Dual-energy CT significantly contributes to treatment of rheumatic diseases

Synovial fluid aspiration is the present gold standard used to diagnose gout and confirm the presence of monosodium urate (MSU) crystals. However, dual energy CT (DECT) scans are increasingly being substituted for this invasive technique because clinical studies are demonstrating an up to 95% sensitivity of diagnosis.

A German study conducted to evaluate the impact DECT scan can have on the treatment regimens of patients suspected of having gout showed that findings from the exam modified planned or current treatment for over 90% of the participants. Although the patient cohort consisted of only 39 patients, the multi-disciplinary research team of radiologists, rheumatologists, and nephrologists from the Clinic of Goethe University in Frankfurt now recommend that DECT should be performed as part of the clinical workup of patients with suspected gout to verify or rule out the disease under certain circumstances.

This test is not used for patients who can be diagnosed with a clinical examination, but ratherw hen patients who are suspected to have gout but whose clinical presentation is not typical or who have co-existing rheumatic disease or osteoarthritis. A DECT scan is commonly ordered for clinical scenarios that make it difficult to find the correct diagnosis fast and begin targeted therapy.
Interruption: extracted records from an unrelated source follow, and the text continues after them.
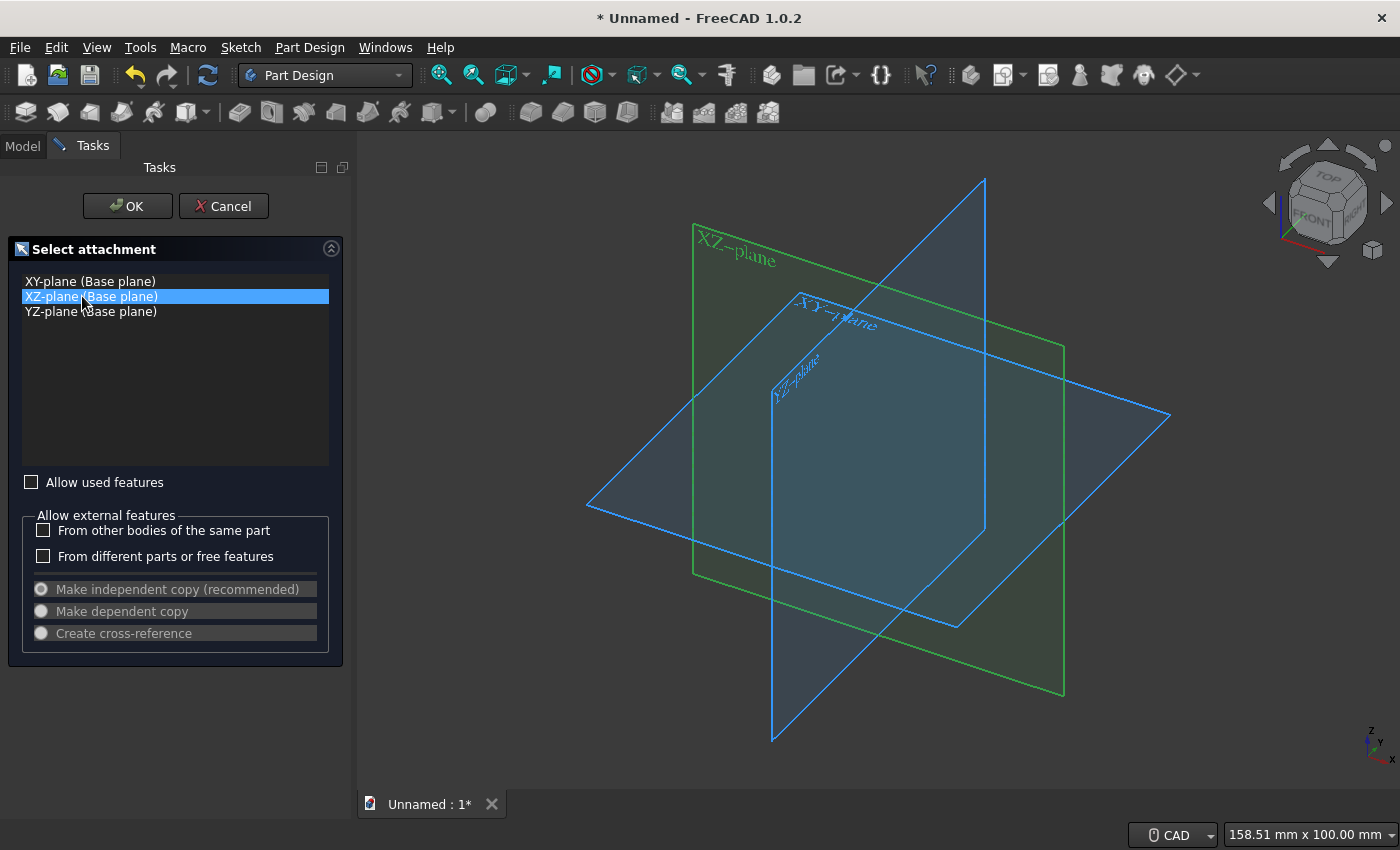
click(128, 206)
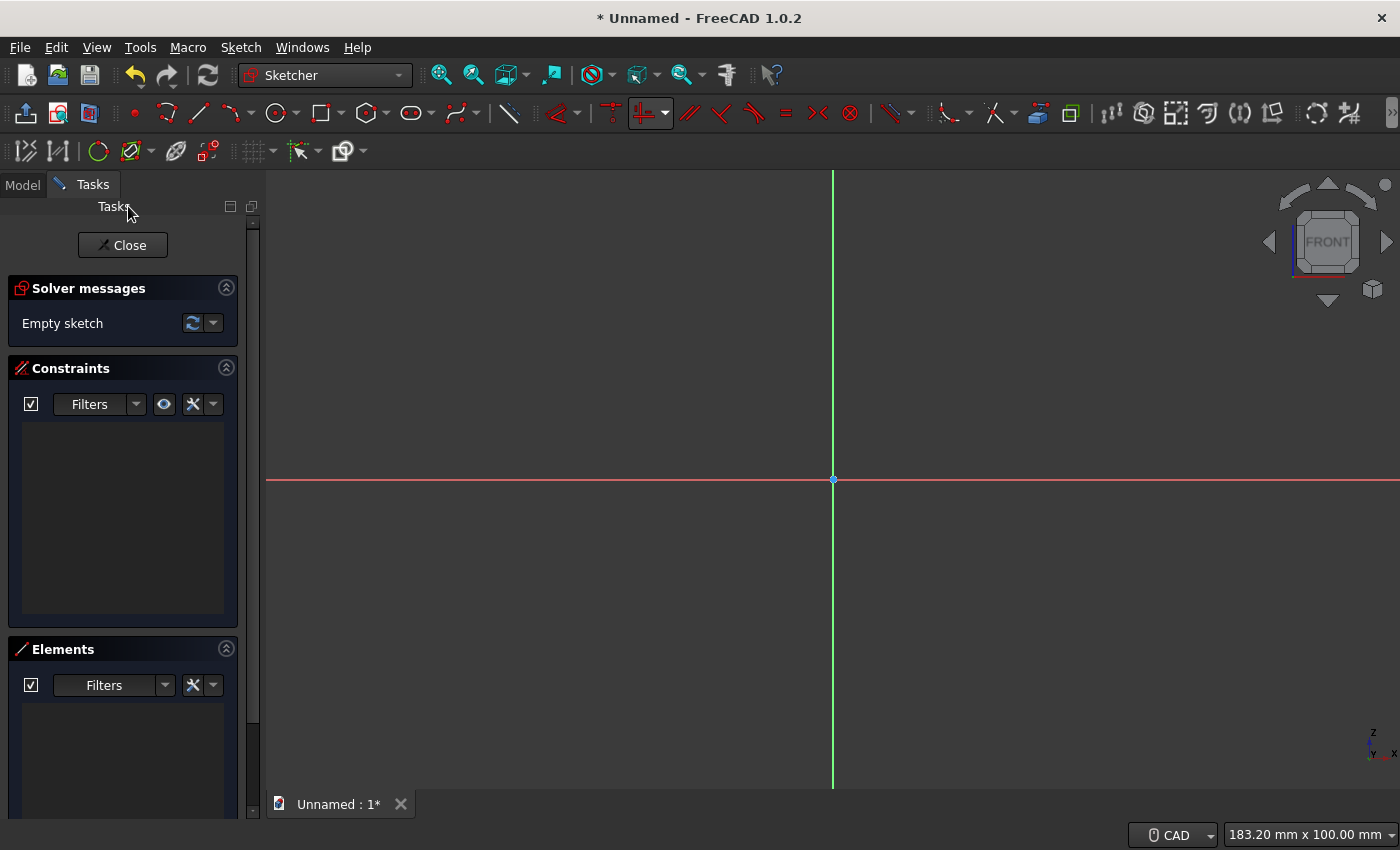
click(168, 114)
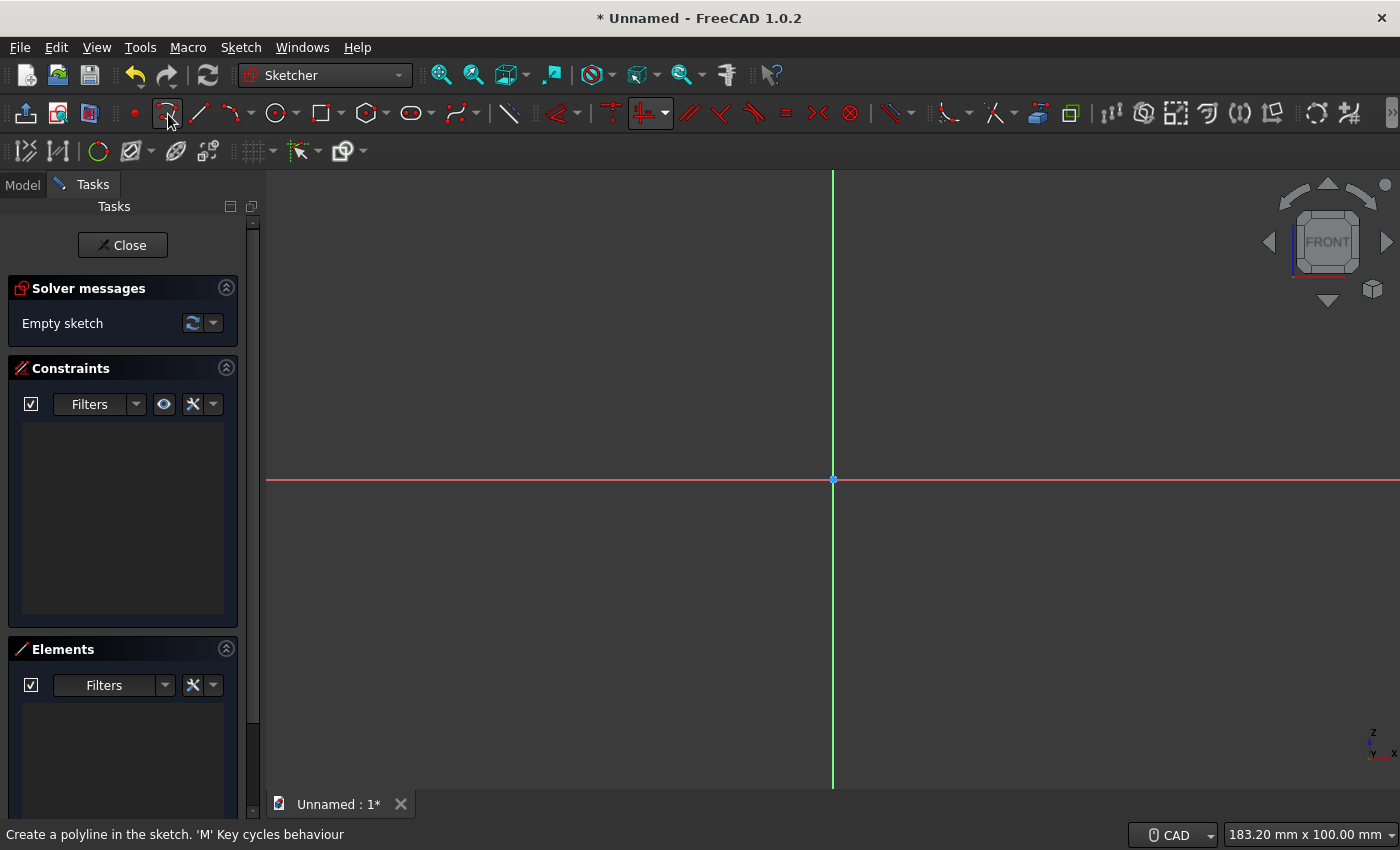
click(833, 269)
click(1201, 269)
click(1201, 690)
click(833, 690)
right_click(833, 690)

For the study, the researchers identified patients who had a DECT exam at the Clinic over a 36 month period. They retrospectively analyzed the rheumatologic and clinical history of 39 patients, nine of whom had a known prior history or current diagnosis of gout. The clinical history included documented uric acid serum levels, treatment regimens, and medication prescribed before and after the DECT exam. Then they analyzed DECT datasets of the feet, knees, and hands, detecting MSU crystals in 23 joints of 23 patients. Sixteen of these patients had not been diagnosed with gout before having a DECT scan. Three of the nine patients with a known history of gout had negative MSU crystal findings on the DECT scan.

Coauthor professor of radiology Ralf W. Bauer, M.D. of the department of diagnostic and interventional radiology, and colleagues, determined that of the 36 patients who had a positive diagnosis, 22 patients had their treatment modified to gout-specific therapy, and 14 patients had regimen modifications that targeted other rheumatic diseases the DECT scan identified. Specifically, current treatment regimens were modified based on DECT findings in 92.3% of the cases, with treatment alterations in 58.3% of patients with positive findings of MSU crystals, and modified from a nonspecific target inflammation therapy to a gout-targeted therapy in 35.9% of cases.

“Our results indicate that DECT represents a gatekeeper technique in clinical workup of suspected gout,” they wrote. Additionally, “DECT is able to reliably rule out gout in patients with symptoms indicative of gout and avoid delay of appropriate treatment.”


  1. Metzger, SC, Koehm M, Wichmann, JL, et al. Dual-Energy CT in Patients with Supected Gouty Arthritis: Effects on Treatment Regimen and Clinical Outcome. 2016 Acad Radiol. 23;3:267-272.